L'année 1988 aura été celle où contradictions et mutations se sont croisées avec le plus d'allégresse. Le paysage économique, artistique, géo-culturel a été profondément bouleversé et, pourtant, l'observateur attentif a comme l'impression que rien n'a bougé en profondeur.
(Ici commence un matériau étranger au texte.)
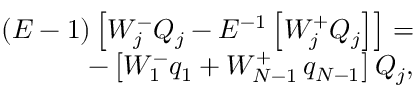Convert formula to latex. <formula><loc_0><loc_0><loc_500><loc_500>\begin{array} { r } { \left ( E - 1 \right ) \left [ W _ { j } ^ { - } Q _ { j } - E ^ { - 1 } \left [ W _ { j } ^ { + } Q _ { j } \right ] \right ] = } \\ { - \left [ W _ { 1 } ^ { - } q _ { 1 } + W _ { N - 1 } ^ { + } q _ { N - 1 } \right ] Q _ { j } , } \end{array}</formula>

La crise de la fréquentation des salles, entrée dans une phase aiguë en 1987, a atteint un dangereux plancher à la fin du premier semestre de cette année. Et puis – miracle ! – deux films ont redressé vertigineusement la barre en atteignant des scores inusités dans le ciel pâle de notre box-office : Qui veut la peau de Roger Rabbit, de Robert Zemeckis, et l'Ours, de Jean-Jacques Annaud. Reste tout de même à savoir si cette flambée pourra rallumer la machine de l'exploitation.
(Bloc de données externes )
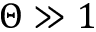Convert formula to latex. <formula><loc_0><loc_0><loc_500><loc_500>\Theta \gg 1</formula> 
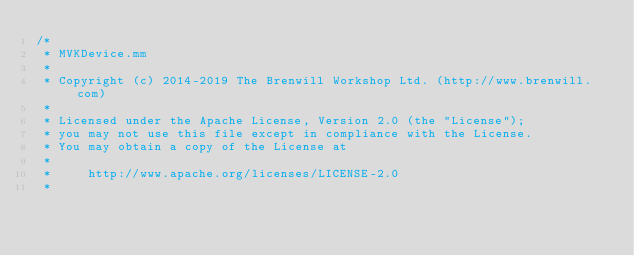Convert code to text. <code><loc_0><loc_0><loc_500><loc_500><_ObjectiveC_>/*
 * MVKDevice.mm
 *
 * Copyright (c) 2014-2019 The Brenwill Workshop Ltd. (http://www.brenwill.com)
 *
 * Licensed under the Apache License, Version 2.0 (the "License");
 * you may not use this file except in compliance with the License.
 * You may obtain a copy of the License at
 * 
 *     http://www.apache.org/licenses/LICENSE-2.0
 * </code>

À première vue, le succès de ces films prouve que le public a de plus en plus soif de purs spectacles. Si le film de Zemeckis – une prouesse technique remarquable où personnages réels et figurines dessinées et animées possèdent un même statut de crédibilité – développe une parabole antiraciste habile, l'Ours, avec la meilleure volonté du monde, ne demeure qu'une bande animalière pour écoliers. Faut-il en conclure que nos contemporains sont retombés en enfance ? Que la démission intellectuelle– est partout de mise ? Ce n'est qu'en partie vrai. Des noyaux de résistance existent tant chez les cinéastes que chez les critiques ou chez les spectateurs.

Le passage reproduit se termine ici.